Kent R Nilsson, Sana M. Al-Khatib, Yi Zhou, Karen Pieper, Harvey D. White, Aldo P. Maggioni, Lars Kober, Christopher B. Granger, Eldrin F. Lewis, John J.V. McMurray, Robert M. Califf, Eric J. Velazquez

Research output: Contribution to journalArticle

21 Citations (Scopus)

Abstract

Objective: The management of patients with atrial fibrillation (AF) following a myocardial infarction (MI) remains uncertain. This study compared a rate control strategy to an anti-arrhythmic-based rhythm control strategy for the treatment of AF following myocardial infarction. Design, setting and patients: We studied 1131 patients with AF after MI who were enrolled in the Valsartan in Acute Myocardial Infarction Trial (VALIANT). We classified patients into those treated with a rhythm control strategy (n=371) and those treated with a rate control strategy (n=760). Main outcomes measures: Using Cox models, we compared the two groups with respect to both death and stroke during two different time periods after randomisation for which data collection had been prespecified: 0e45 days and 45e1096 days. Results: After adjustment, a rhythm control strategy was found to be associated with increased early mortality (0-45 days: HR: 1.9, 95% CI 1.2 to 3.0, p=0.004) but not late mortality (45-1096 days: HR 1.1, 95% CI 0.9 to 1.4, p=0.45).
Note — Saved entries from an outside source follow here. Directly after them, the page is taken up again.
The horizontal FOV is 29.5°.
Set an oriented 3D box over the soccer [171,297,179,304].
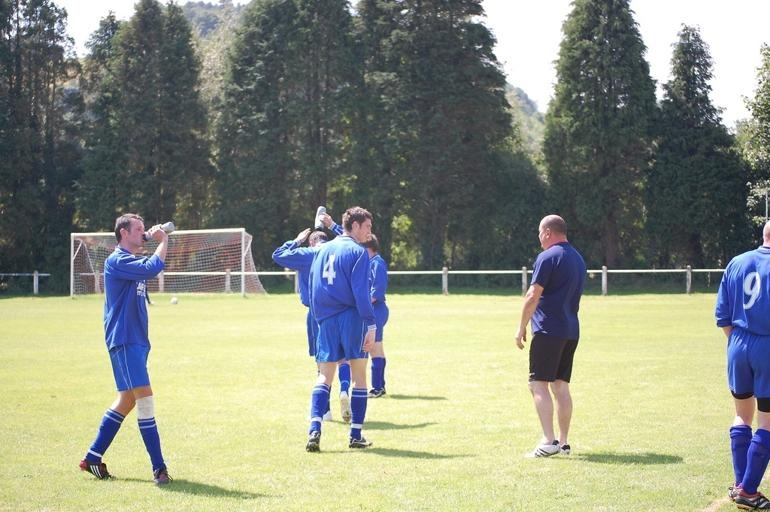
[{"bbox_3d":[-11.693,2.489,81.049,0.358,0.315,0.425,-2,3,-32],"label":"soccer"}]
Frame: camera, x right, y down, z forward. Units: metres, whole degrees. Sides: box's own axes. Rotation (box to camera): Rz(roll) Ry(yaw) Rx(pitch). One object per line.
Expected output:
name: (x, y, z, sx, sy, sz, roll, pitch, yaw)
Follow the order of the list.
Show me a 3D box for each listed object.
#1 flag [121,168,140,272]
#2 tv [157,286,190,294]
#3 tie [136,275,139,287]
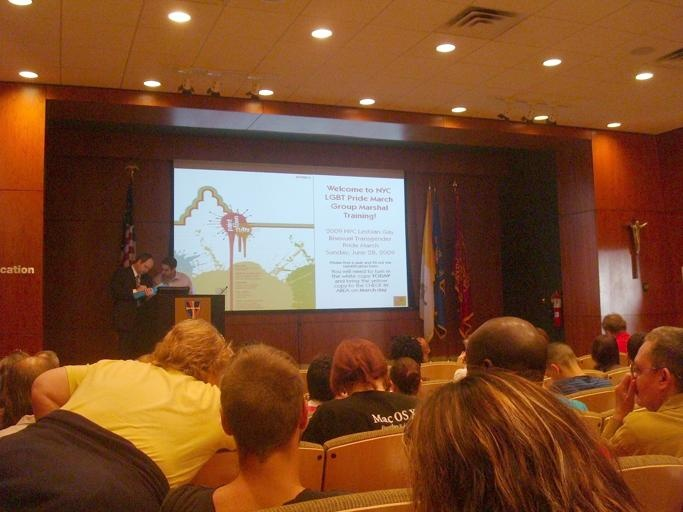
flag: (-2.875, -0.571, 7.563, 0.203, 1.424, 0.500, 1, -3, -22)
tv: (-1.360, 0.282, 4.513, 0.251, 0.049, 0.109, 2, -3, -30)
tie: (-2.578, 0.315, 7.093, 0.057, 0.127, 0.178, 1, -3, -19)
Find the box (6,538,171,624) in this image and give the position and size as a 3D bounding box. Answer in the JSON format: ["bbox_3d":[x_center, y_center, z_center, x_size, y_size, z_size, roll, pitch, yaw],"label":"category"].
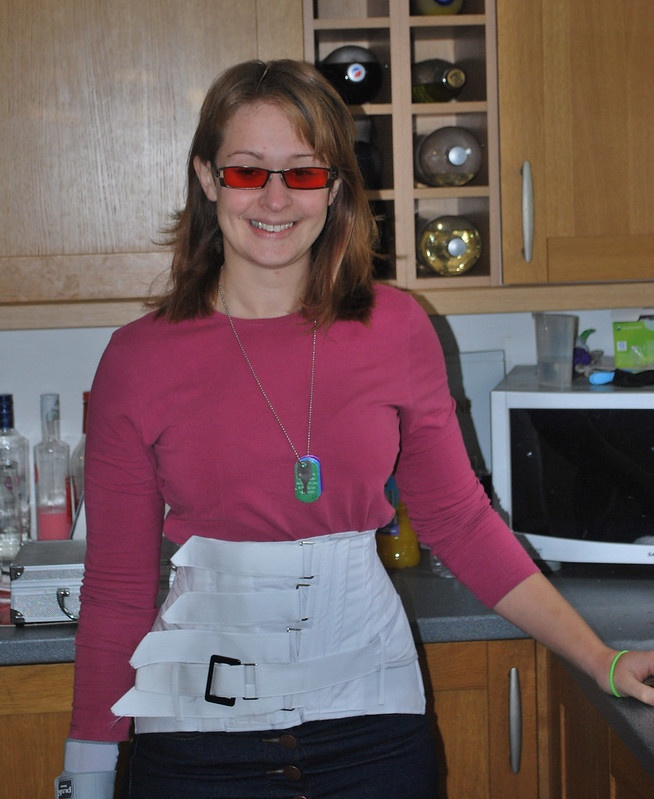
[{"bbox_3d":[-0.457,0.301,1.395,0.209,0.062,0.232,0,1,-5],"label":"box"}]

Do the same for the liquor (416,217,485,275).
[{"bbox_3d":[0.232,-0.285,1.553,0.136,0.105,0.083,3,14,-5],"label":"liquor"}]

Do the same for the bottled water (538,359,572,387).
[{"bbox_3d":[0.436,-0.049,1.560,0.065,0.037,0.057,0,1,2],"label":"bottled water"}]

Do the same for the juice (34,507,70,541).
[{"bbox_3d":[-0.567,0.256,1.734,0.093,0.078,0.080,-1,2,-18],"label":"juice"}]

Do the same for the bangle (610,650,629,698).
[{"bbox_3d":[0.324,0.309,0.923,0.015,0.041,0.050,-4,-1,22],"label":"bangle"}]

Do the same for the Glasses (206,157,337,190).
[{"bbox_3d":[-0.057,-0.257,0.969,0.143,0.034,0.048,-2,3,-6],"label":"Glasses"}]

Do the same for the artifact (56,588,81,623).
[{"bbox_3d":[-0.424,0.334,1.332,0.052,0.046,0.016,-4,-3,-10],"label":"artifact"}]

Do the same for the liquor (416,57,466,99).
[{"bbox_3d":[0.200,-0.579,1.512,0.097,0.073,0.132,2,16,-2],"label":"liquor"}]
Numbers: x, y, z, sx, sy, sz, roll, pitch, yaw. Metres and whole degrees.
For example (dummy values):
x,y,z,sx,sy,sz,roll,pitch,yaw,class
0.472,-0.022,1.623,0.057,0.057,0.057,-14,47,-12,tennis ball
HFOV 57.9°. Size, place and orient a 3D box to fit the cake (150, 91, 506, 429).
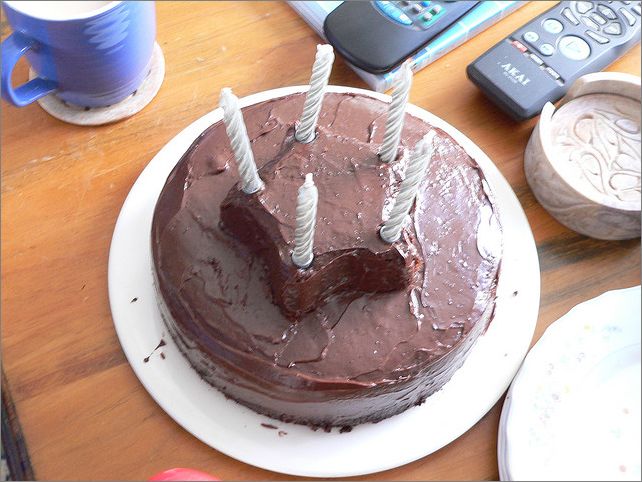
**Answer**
x,y,z,sx,sy,sz,roll,pitch,yaw,class
0.015,-0.001,0.730,0.418,0.150,0.425,-32,63,-14,cake

No difference was observed in the incidence of stroke (0-45 days: HR 1.2, 95% CI 0.4 to 3.7, p=0.73; 45-1096 days: HR 0.6, 95% CI 0.3 to 1.3, p=0.21). Conclusions: In patients with AF after an MI, an antiarrhythmic drug-based rhythm control strategy is associated with excess 45-day mortality compared with a rate control strategy, but is not associated with increased mortality outside of the immediate peri-infarct period. These results potentially identify a patient population in whom the use of anti-arrhythmic drug therapy may portend an increased risk of death.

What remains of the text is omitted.